Obligatory Penny Arcade take. It is pretty, fun, and yes grindy, though I've never felt compelled to guy "gold" or else never get the next weapon/helmet/ring. I mean, gold is just laying around in bags if you know where to look.
posted by sysinfo at 4:49 PM on May 20, 2011


RMT used to be a serious faux pas, now it seems like the next big business model.

Not really. It's the current big business model.

I played through Infinity Blade quite a few times, grinding upwards, unlocking gear, fighting tougher and tougher enemies. It's interesting and the game does evolve in subtle ways as you progress. Enemies' tactics improve over time, that's the biggie. The slow progression of the review from straightforward description of mechanics, to philosophical reflection on grinding, to philosophical reflection on iterative game mechanics, to philosophical riffing, is a pretty good mirror of my own feelings about the game. Appreciation, interest, slow boredom, re-ignited curiosity at the mechanic, and eventual drift to something else.

It's a good game, though, and there's a lot more room for stuff like that in the iOS/Android/indie/Steam world than there is in traditional console stuff. With a relatively low price tag compared to something like Fallout III, you don't have to squeeze 60 hours of gameplay out of it to feel like you've enjoyed it...
posted by verb at 5:01 PM on May 20, 2011


That review is great, just because it makes me think I learned something rather than wasting 6 billion hours on that fucking game. Really, once you get to level 90 or so the God King is like level 600 and it's IMPOSSIBLE.
posted by fungible at 5:21 PM on May 20, 2011 [1 favorite]

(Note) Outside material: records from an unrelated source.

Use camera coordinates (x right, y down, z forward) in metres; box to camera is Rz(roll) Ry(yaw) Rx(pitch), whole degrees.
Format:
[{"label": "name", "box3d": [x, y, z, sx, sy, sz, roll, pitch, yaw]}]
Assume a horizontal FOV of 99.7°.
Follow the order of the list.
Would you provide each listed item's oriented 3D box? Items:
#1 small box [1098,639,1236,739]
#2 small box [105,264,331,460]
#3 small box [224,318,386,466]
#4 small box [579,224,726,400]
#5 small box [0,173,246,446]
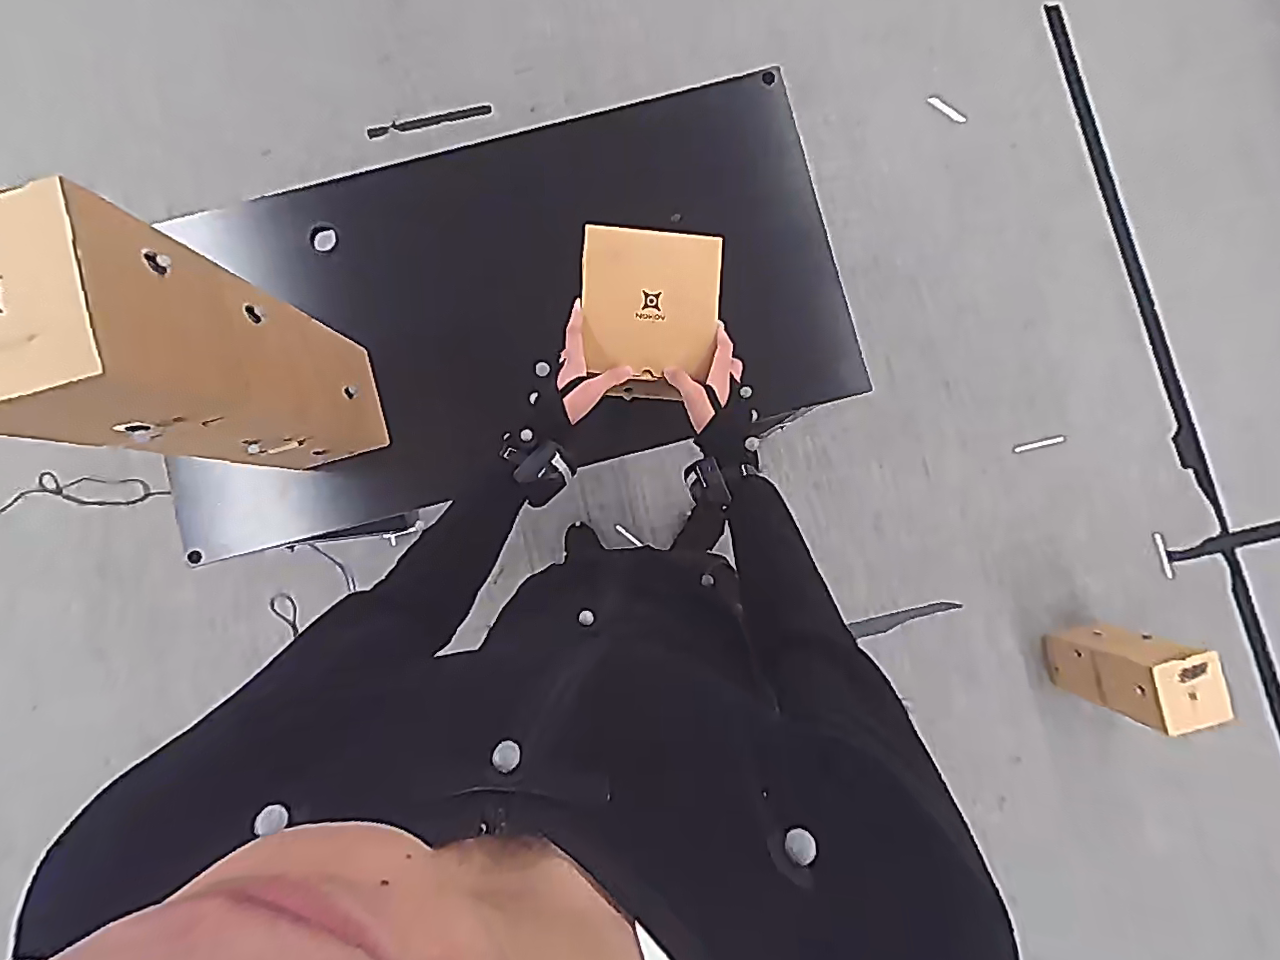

For people who enjoy text games, there's something similar (though I don't want to spoil it) in Victor Gijsbers' 'The Baron', which takes about twenty minutes to play and I think about once a week still two years later.
posted by piato at 5:33 PM on May 20, 2011


The Kill Screen Infinity Blade Review is just brilliant. While there I was also impressed with the review for Bumpy Ride, which, as a game is pretty moving and has charm to spare.
posted by Verdant at 7:11 PM on May 20, 2011


...but it's almost certain to not run on the 3G.

It doesn't. Damn it.
posted by steambadger at 8:24 PM on May 20, 2011


Very nice. It's a great reminder of the things you can do with the internet - even text doesn't have to be static and boring. As a reviewer, I am impressed and slightly jealous.
posted by MShades at 11:52 PM on May 20, 2011


That review is good (although it would've been better if I hadn't read it all first in full noscript mode before I tried the incremental version).

This is as good a time as any to link to my favourite game review ever (of this game).
posted by A Thousand Baited Hooks at 1:01 AM on May 21, 2011 [1 favorite]

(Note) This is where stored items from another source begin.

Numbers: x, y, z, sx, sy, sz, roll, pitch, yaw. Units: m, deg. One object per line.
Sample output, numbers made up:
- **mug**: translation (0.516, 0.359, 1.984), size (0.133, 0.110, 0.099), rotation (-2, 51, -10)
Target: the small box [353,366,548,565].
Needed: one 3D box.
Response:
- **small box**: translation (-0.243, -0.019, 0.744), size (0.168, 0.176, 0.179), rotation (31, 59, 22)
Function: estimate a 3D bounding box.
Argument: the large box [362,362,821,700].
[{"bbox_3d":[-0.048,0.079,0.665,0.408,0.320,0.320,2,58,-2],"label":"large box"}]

Reminded me of the old school arcade game Dragon's Lair. Gotta get that timing exactly right to play the next cartoon segment.
posted by zardoz at 1:57 AM on May 21, 2011


I think I've figured out what the review really is - a direct message to the developers. The review's final iterations, where it all crumbles down to something so very simple, reveal that message. Keep going, and keep trying for something better. It may have been a coincidence that the game's score popped up into view around that time. A score of 63. Universally meh. But the hidden message of the review is a word of encouragement. Keep going - you've shown that you have incredibly good ideas; you just need to express them better. You can give up, or you can do what many others have done and eke out a living making mediocre things that still profit, or you can keep going in the hope of doing better, of having better, of being better. Because that's the only way that anything ever gets better.
posted by BiggerJ at 2:47 AM on May 21, 2011 [1 favorite]


Wow, is all of Kill Screen that good? How have I not been reading this already?
posted by aaronbeekay at 11:26 AM on May 21, 2011


I love the review. Just wish I were better at parrying, but I'm only on Bloodline 2.